Problem to solve:
Output only the line that contains "66.2h75.4M100.3 72.1h75.4M100.3 84.1h75.4M100.3" and the lines after it, all verbatim, through the last one below.

┄┄┄┄┄┄┄┄┄┄┄┄┄┄┄┄┄┄┄┄

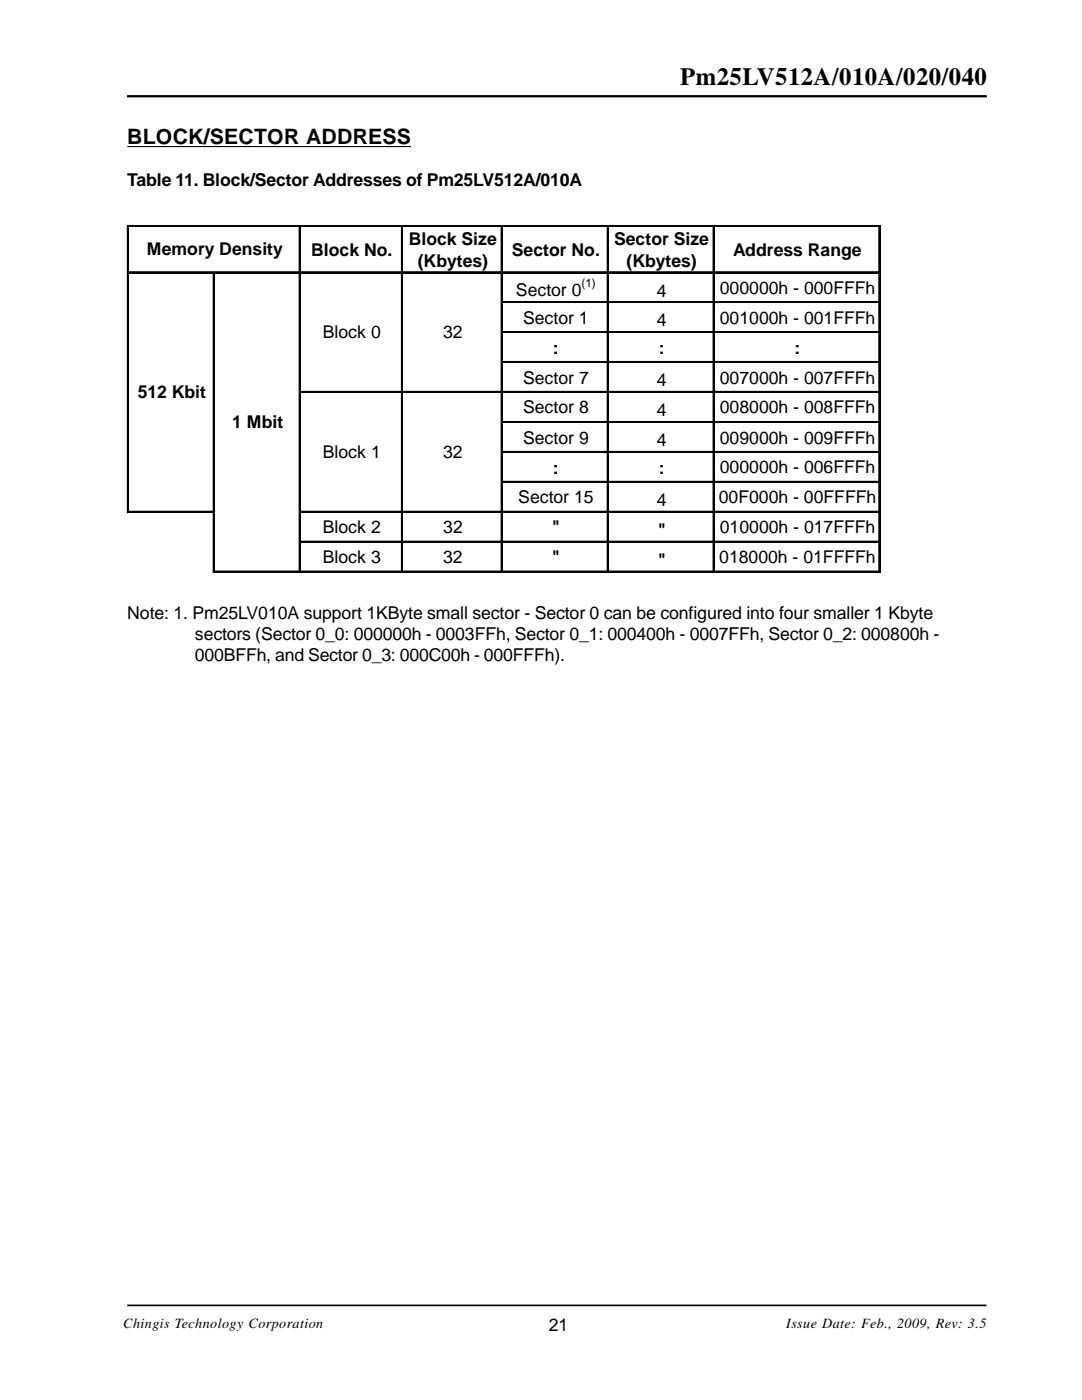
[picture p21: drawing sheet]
<svg xmlns="http://www.w3.org/2000/svg" width="216mm" height="279mm" viewBox="0 0 216 279" stroke-linecap="round" stroke-linejoin="round" font-family="sans-serif">
<defs><g id="words">
<text font-size="4.9" x="135.7" y="17.1">Pm25LV512A/010A/020/040</text>
<text font-size="4.2" x="25.4" y="28.8">BLOCK/SECTOR ADDRESS</text>
<g font-size="3.5">
<text x="25.4" y="37.2">Table 11. Block/Sector Addresses of Pm25LV512A/010A</text>
<text x="29.3" y="50.9">Memory Density</text>
<text x="62.1" y="51.1">Block No.</text>
<text x="81.6" y="48.8">Block Size</text>
<text x="83.4" y="53.3">(Kbytes)</text>
<text x="102.2" y="51.1">Sector No.</text>
<text x="122.6" y="48.8">Sector Size</text>
<text x="125" y="53.3">(Kbytes)</text>
<text x="146.3" y="51.1">Address Range</text>
<text x="103" y="59">Sector 0</text>
<text x="131.1" y="59.2">4</text>
<text x="143.6" y="58.6">000000h - 000FFFh</text>
<text x="104.4" y="64.6">Sector 1</text>
<text x="131.1" y="65.2">4</text>
<text x="143.6" y="64.6">001000h - 001FFFh</text>
<text x="64.4" y="67.4">Block 0</text>
<text x="88.4" y="67.4">32</text>
<text x="110.3" y="70.6">:</text>
<text x="131.4" y="70.6">:</text>
<text x="158.5" y="70.6">:</text>
<text x="104.4" y="76.5">Sector 7</text>
<text x="131.1" y="77.1">4</text>
<text x="143.6" y="76.5">007000h - 007FFFh</text>
<text x="27.5" y="79.4">512 Kbit</text>
<text x="104.4" y="82.5">Sector 8</text>
<text x="131.1" y="83.1">4</text>
<text x="143.6" y="82.5">008000h - 008FFFh</text>
<text x="46.3" y="85.4">1 Mbit</text>
<text x="104.4" y="88.5">Sector 9</text>
<text x="131.1" y="89.1">4</text>
<text x="143.6" y="88.5">009000h - 009FFFh</text>
<text x="64.4" y="91.3">Block 1</text>
<text x="88.4" y="91.3">32</text>
<text x="110.3" y="94.5">:</text>
<text x="131.4" y="94.5">:</text>
<text x="143.6" y="94.5">000000h - 006FFFh</text>
<text x="103.4" y="100.5">Sector 15</text>
<text x="131.1" y="101">4</text>
<text x="143.4" y="100.5">00F000h - 00FFFFh</text>
<text x="64.4" y="106.4">Block 2</text>
<text x="88.4" y="106.4">32</text>
<text x="110.1" y="106.5">&quot;</text>
<text x="131.2" y="107">&quot;</text>
<text x="143.6" y="106.4">010000h - 017FFFh</text>
<text x="64.4" y="112.4">Block 3</text>
<text x="88.4" y="112.4">32</text>
<text x="110.1" y="112.4">&quot;</text>
<text x="131.2" y="112.9">&quot;</text>
<text x="143.5" y="112.4">018000h - 01FFFFh</text>
<text x="25.4" y="123.5">Note: 1. Pm25LV010A support 1KByte small sector - Sector 0 can be configured into four smaller 1 Kbyte</text>
<text x="38.9" y="127.7">sectors (Sector 0_0: 000000h - 0003FFh, Sector 0_1: 000400h - 0007FFh, Sector 0_2: 000800h -</text>
<text x="38.9" y="132">000BFFh, and Sector 0_3: 000C00h - 000FFFh).</text>
<text x="109.5" y="265.6">21</text>
</g>
<g font-size="2.8">
<text x="24.6" y="265">Chingis Technology Corporation</text>
<text x="156.9" y="265">Issue Date: Feb., 2009, Rev: 3.5</text>
</g>
<text font-size="2.3" x="116" y="57.2">(1)</text>
</g></defs>
<g fill="none" stroke="#000" stroke-width=".34">
<path d="M25.4 19.2h171.4M25.6 45v57.4M25.7 45.2h150M25.7 54.4h150M42.7 54.6v59.7M59.9 45.3v69M80.3 45.3v69M100.2 45.3v69M121.3 45.3v69M142.5 45.3v69M175.5 45.3v69M60 78.3h115.7"/>
<path d="M100.3 60.4h75.4M100.3 66.3h75.4M100.3 72.3h75.4M100.3 84.3h75.4M100.3 90.3h75.4M100.3 96.2h75.4M25.7 102.2h17.2M42.9 114.1h132.8M60 102.2h115.7M60 108.2h115.7M25.4 260.5h171.4"/>
</g>
<path d="M25.4 29.3h56.6" fill="none" stroke="#000" stroke-width=".21"/>
<g fill="none" stroke="#000" stroke-width=".2">
<path d="M25.4 45v57.4M25.7 45h150M25.7 54.2h150M42.5 54.6v59.7M59.7 45.3v69M80.1 45.3v69M100 45.3v69M121.2 45.3v69M142.3 45.3v69M175.3 45.3v69M60 78.1h115.7M100.3 60.2h75.4"/>
<path d="M100.3 66.2h75.4M100.3 72.1h75.4M100.3 84.1h75.4M100.3 90.1h75.4M100.3 96.1h75.4M25.7 102h17.2M42.9 114h132.8M60 102h115.7M60 108h115.7"/>
</g>
<use href="#words"/>
</svg>

┄┄┄┄┄┄┄┄┄┄┄┄┄┄┄┄┄┄┄┄

Answer for the task:
<path d="M100.3 66.2h75.4M100.3 72.1h75.4M100.3 84.1h75.4M100.3 90.1h75.4M100.3 96.1h75.4M25.7 102h17.2M42.9 114h132.8M60 102h115.7M60 108h115.7"/>
</g>
<use href="#words"/>
</svg>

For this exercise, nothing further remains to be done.